In 2006, then-Capitals General Manager George McPhee signed a defenseman by the name of John Erskine as a free agent. A former second-round pick by the Dallas Stars in 1998 (39th overall), Erskine was unknown to most Caps fans. He played 29-games in 2006-07 with the Caps, recording one goal and six assists, before spending four games with the Hershey Bears; recording two assists.
In 2007-08, Erskine saw a bigger role with the Capitals, as his former coach in Hershey, Bruce Boudreau, had just been promoted to interim head coach. He played 51-games, recording two goals and seven assists while playing on a third-pairing. His presence on the team was certainly felt, as his willingness to deliver big hits and stand up for teammates made him an instant fan favorite. Erskine’s physical, no-nonsense play was a welcome addition in the Caps’ lineup.
With the support of Boudreau, Erskine played 52-games in the ’08-09 campaign; putting up four assists. He continued to play an enforcer role for the team (he recorded 63 penalty minutes) while still being a reliable defender for the coaching staff to dress on most nights.
In the Capitals’ President’s Trophy-winning 2009-10 season, Erskine saw 50-games of action, posting one goal and five assists, while compiling 66 penalty minutes (PIM). Despite the emergence of fellow left-handed d-man Karl Alzner as an effective player, Erskine’s place on the roster was never in doubt. The following season, “Big John” played a career-high 73-games; recording career-highs in goals and points with four and eleven, respectively. His role as the team’s tough guy was on display for the entirety of North America to see, as on January 1, 2011, Erskine engaged in fisticuffs with then-Pittsburgh Penguins forward Mike Rupp at the 2011 Winter Classic; as the event was streamed on NBC. For the record, Erskine won the fight!

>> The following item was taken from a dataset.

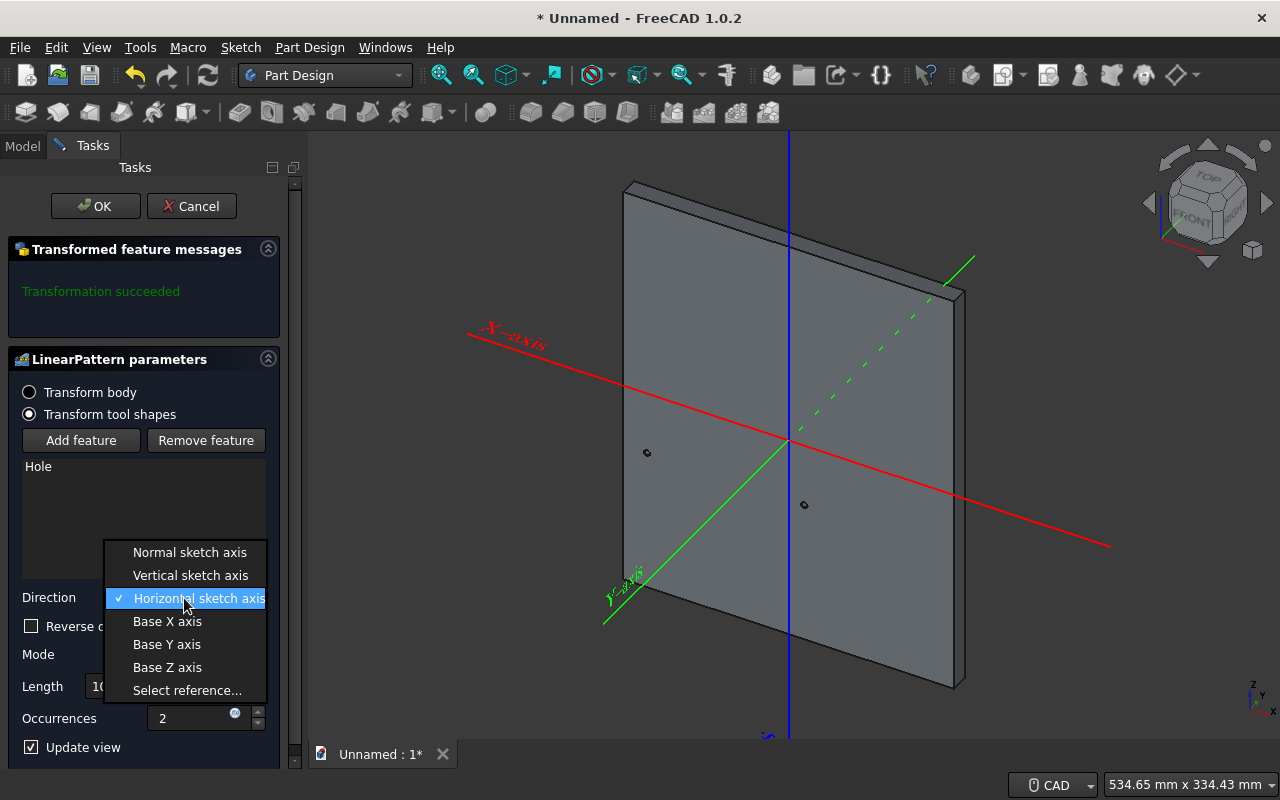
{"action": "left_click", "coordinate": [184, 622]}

The next year brought changes to Washington, as in late-November 2011, Boudreau was fired after a slow start to the season. He was replaced by Capitals’ great, Dale Hunter; a defensive-minded coach in his own right. Erskine’s playing time decreased, as he was a healthy scratch on several occasions; playing a total of just 28-games. For Erskine, Hunter’s presence meant limited action.

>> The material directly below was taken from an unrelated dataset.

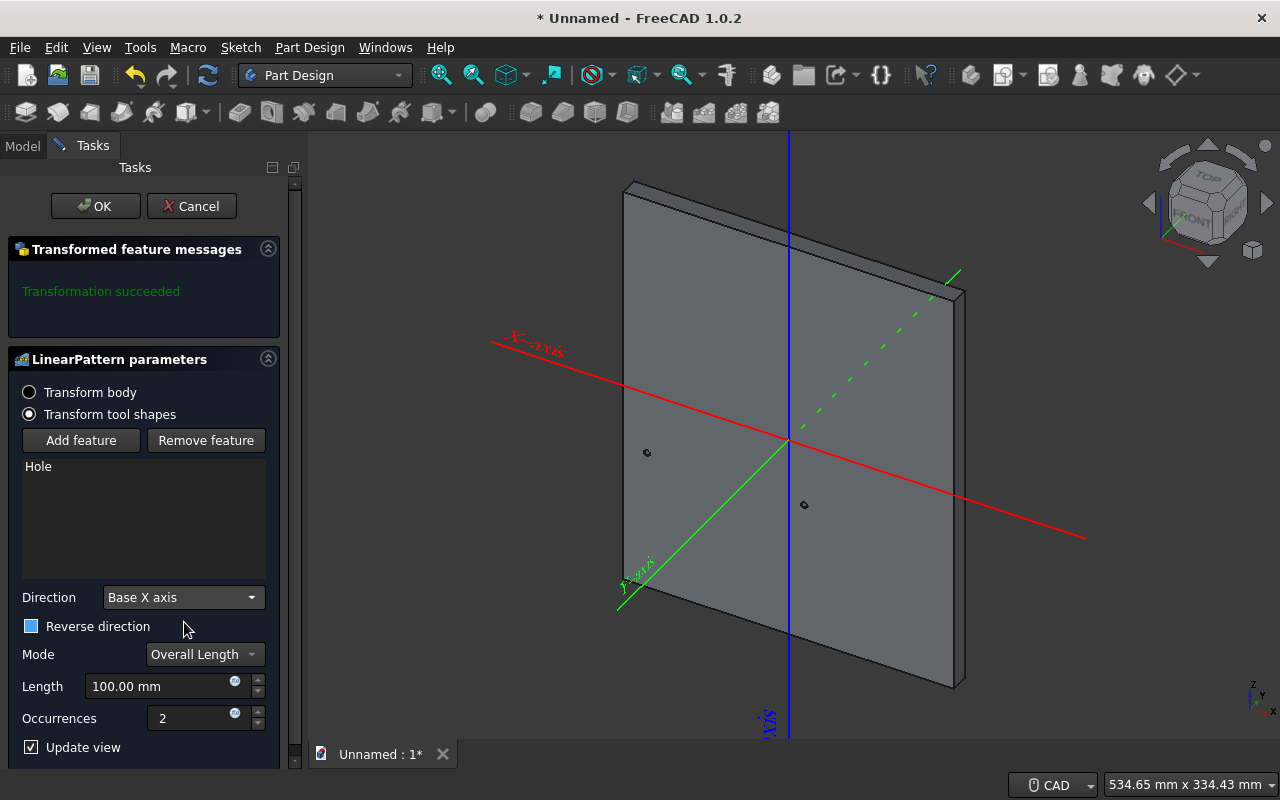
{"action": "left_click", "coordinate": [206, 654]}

The following summer brought another head coach to town, this time in the form of Hunter’s former teammate, and Capitals’ great Adam Oates. While offensive-minded as a player, Oates wanted to implement a better all-around system that combined defensive responsibility in the Caps own zone and a high-speed offense. Erskine’s game action was again limited, as he played just two more games than the previous season. Despite this, he posted three goals and three assists, to go along with 34 penalty minutes. His commitment and efforts were rewarded with a two-year contract extension from Caps’ brass.
In 2013-14, even after a full year of Oates’ system, the Capitals struggled mightily during the season and missed the playoffs for the first time in seven years. “Big John” played just seven more games; putting up a goal and three assists. His most memorable moment from that season was a classic Erskine fight: the Capitals were hosting the Toronto Maple Leafs and then-rookie Tom Wilson had just been involved in a bout with defenseman Korbinian Holzer. Erskine, a seasoned veteran in the art of fisticuffs, then proceeded to drop the gloves with Toronto’s enforcer Colton Orr. The then-Toronto forward had little chance against Erskine; who delivered the finishing blow with a fist to the forehead of Orr. Wilson, having clearly enjoyed watching the bout, grinned with delight as he looked at the Verizon Center jumbotron.

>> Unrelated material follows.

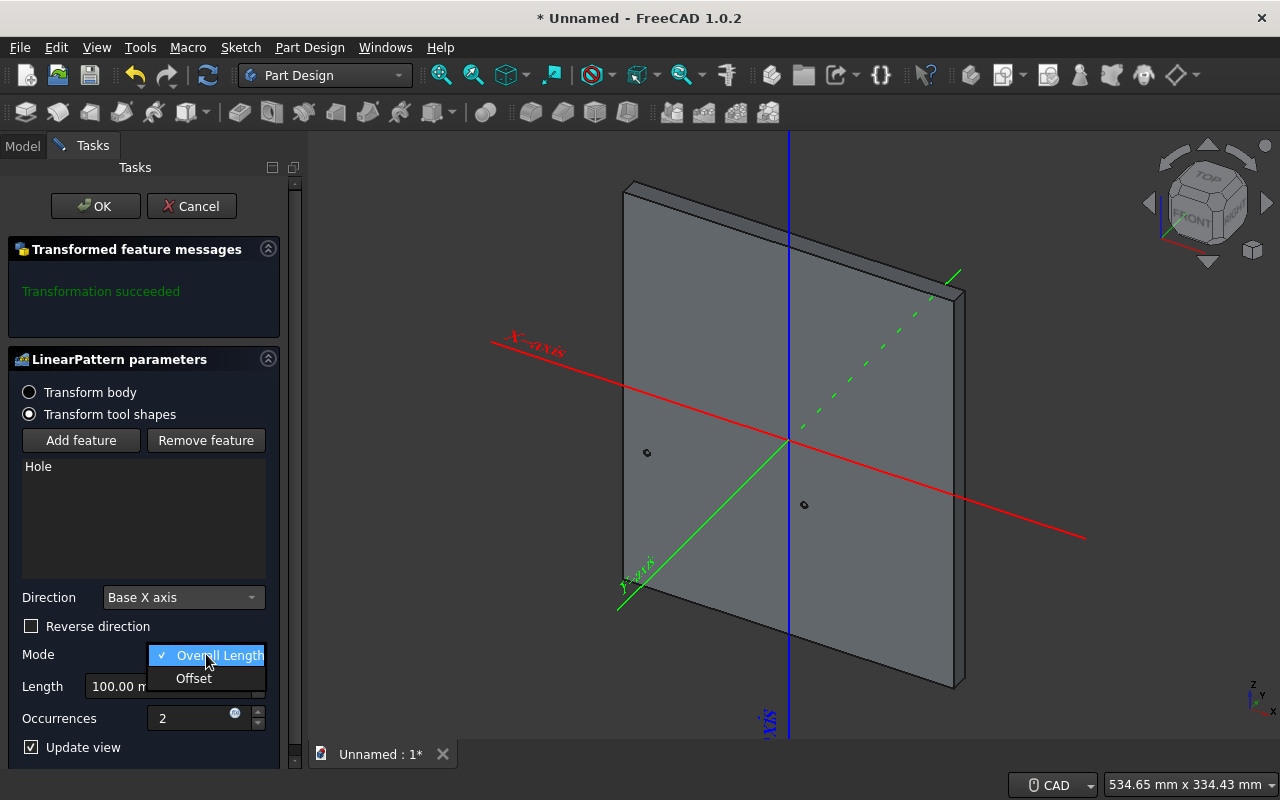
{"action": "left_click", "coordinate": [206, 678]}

That season, however, proved to be “Big John’s” last in the lineup; as he was forced to miss the 2014-15 season after recovering from both knee surgery during the summer, and a removed herniated disk in his neck. Erskine was able to skate, but he was not able to suit up for new coach Barry Trotz. Erskine attended practice after practice, watching his teammates prepare for games he desperately wanted to play in. At 35, Erskine’s playing days could very well be over. Although a report from CSN’s Chuck Gormley stated that retirement was preliminary, Erskine’s age and health may keep other teams away.
With the recent birth of his new son, Erskine’s playing career has been put on hold. But if/when he decides to return, given the aforementioned factors, Erskine may very well be done. But whatever happens, Erskine has given the Capitals nine unforgettable years of service. His physical presence was valuable to the team, particularly when they played rivals such as Philadelphia or Pittsburgh. Erskine could drop the gloves on a dime and usually won most of his fights. His fight with Orr will always stick out in my mind because it showed the value “Big John” brought night-in, night-out. It also proved he was still capable of getting his point across with his fists.
The Capitals career of Erskine was a nine-year stay that saw numerous fights, big hits, and a few black eyes. Capitals’ Nation will certainly miss John Erskine.